Earlier, this medium had reported on how 62% of Nigerians, according to a survey conducted by polling firm, NOI Polls, in partnership with Gatefield, Research Hub Africa, and the Federal Ministry of Health, agreed that a tax on soft drinks will help to lower the high costs of managing non-communicable diseases like diabetes.

The perception survey, which was presented by a researcher at Research Hub, Mr. Akinola Akinwumi, also disclosed that 54% of Nigerians would also support a tax on soft drinks if the tax revenue were reinvested in the provision of healthcare services.

According to the survey, about 90% of Nigerians drank at least one soft drink each week, and around 40% drank them daily.

“Non-communicable diseases like diabetes, hypertension, heart disease and cancer account for one in three deaths in Nigeria, yet, less than 50% of Nigerians are aware that soft drink consumption is associated with an increased risk of these diseases,” the report indicated.

Researchers also cited studies from Mexico and South Africa, showing that sugar-sweetened beverage taxes have significant health and economic benefits when effectively implemented.

Govt’s involvement key

Speaking with Blueprint Weekend, the national secretary, Diabetes Association of Nigeria, Comrade Bernard Enyia, was optimistic that tax would discourage and reduce the excessive consumption of sugar sweetened beverages.

He said: “Of course when there is an increase in the prices of sugar sweetened beverages, it will discourage and reduce the excessive consumption with its attendant reduction in incidence of diabetes morbidity.
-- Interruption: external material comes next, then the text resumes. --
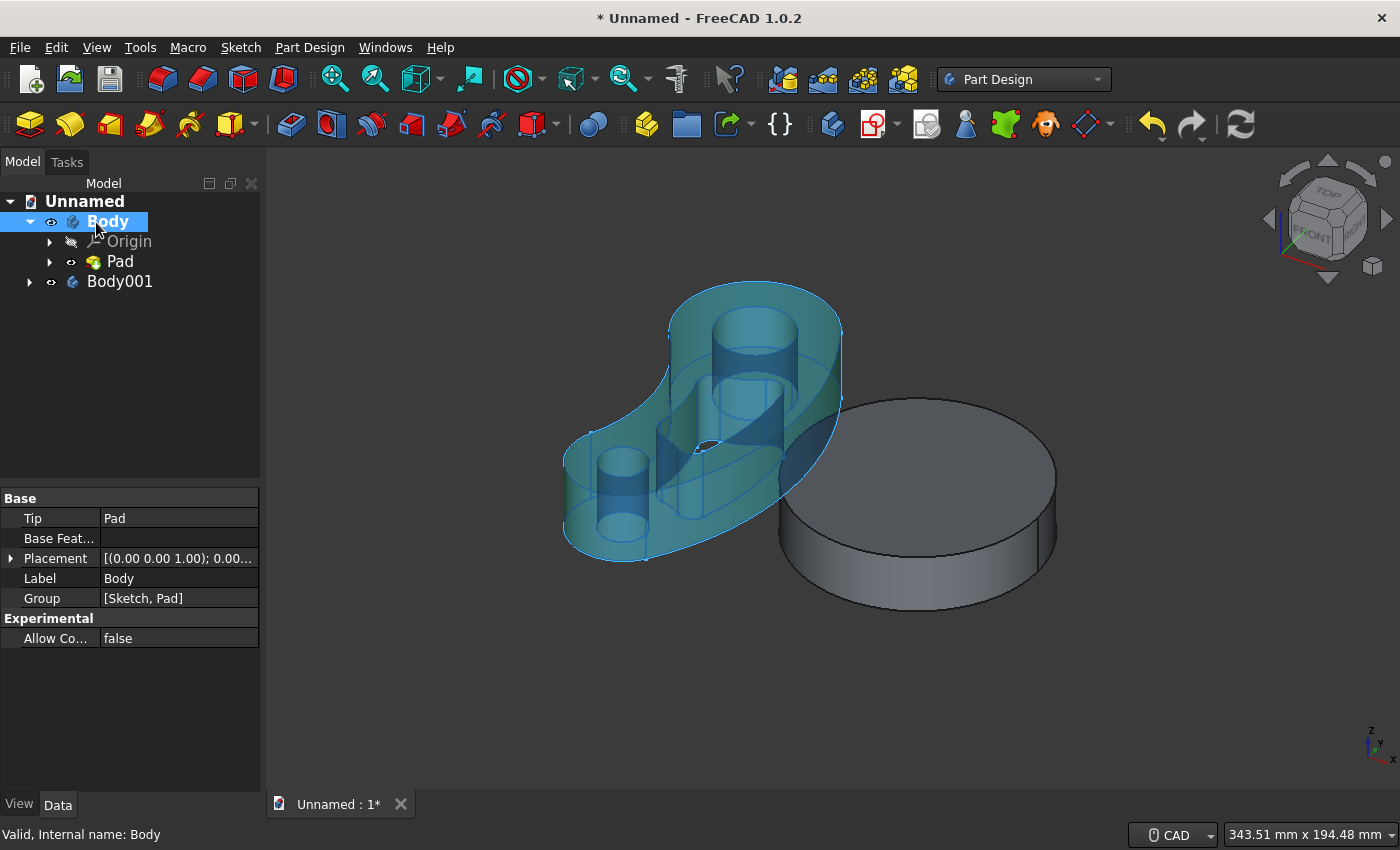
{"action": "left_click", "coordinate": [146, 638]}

The result for now is still insignificant but will definitely increase when the money is eventually ploughed back into diabetes and NCDs intervention.”
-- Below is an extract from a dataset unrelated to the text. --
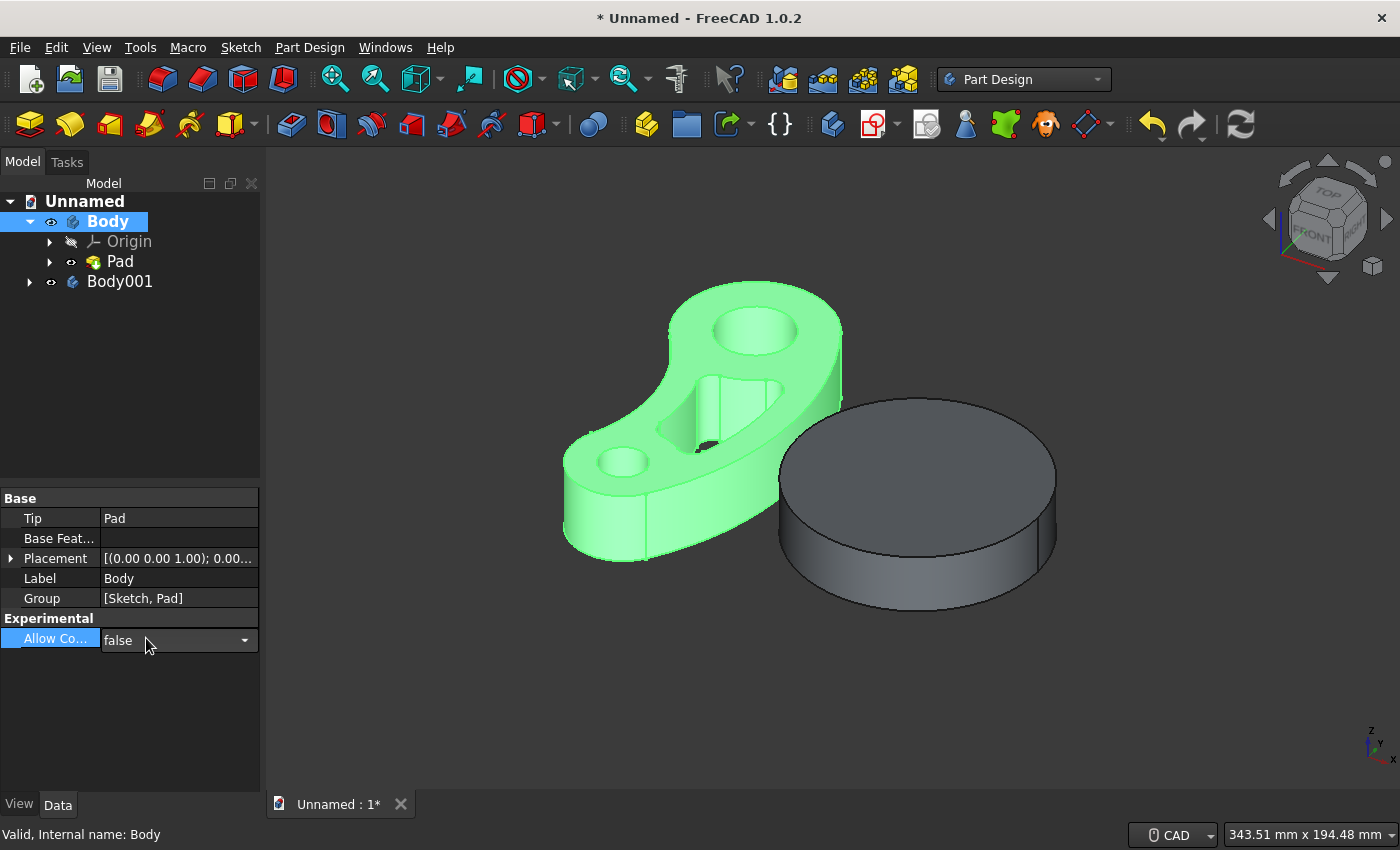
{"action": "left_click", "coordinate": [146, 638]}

Enyia, who called on the government to channel the generated funds on the SSB tax into diabetes care, advocated compulsory diabetes’ screening for every patient that visits the hospital.

“The government should ensure that funds generated from this pro health tax are channelled into diabetes care as well as intensify diabetes awareness by sponsoring promos in the federal government owned media organisations. Also, there should be training for the health care practitioners on how to observe early warning signs and early diagnosis which can prevent Type 2 diabetes; and government should make diabetes screening compulsory for every patient that visit the hospital.

“Persons living with diabetes should be engaged in the decision making process, and build their capacity and empower them towards self care and sustainable coping mechanisms. The SSB tax should be increased to at least N30:00 per litre in line with international best practices as recommended by the WHO.

“The government should also implement the budgetary allocation of 40% health care financing recommended by theWHO, and subsidise the cost of insulin by giving waivers to import tariffs and make diabetes screening Free in all health facilities in Nigeria.

“It should also sponsor a diabetes retreat for wives of governors as soon as their husbands win elections to strategically motivate them to take on diabetes care as their pet project. Also, diabetes education should be integrated into the secondary school’s curriculum and general studies of tertiary institutions to expand the scope of diabetes education in Nigeria.”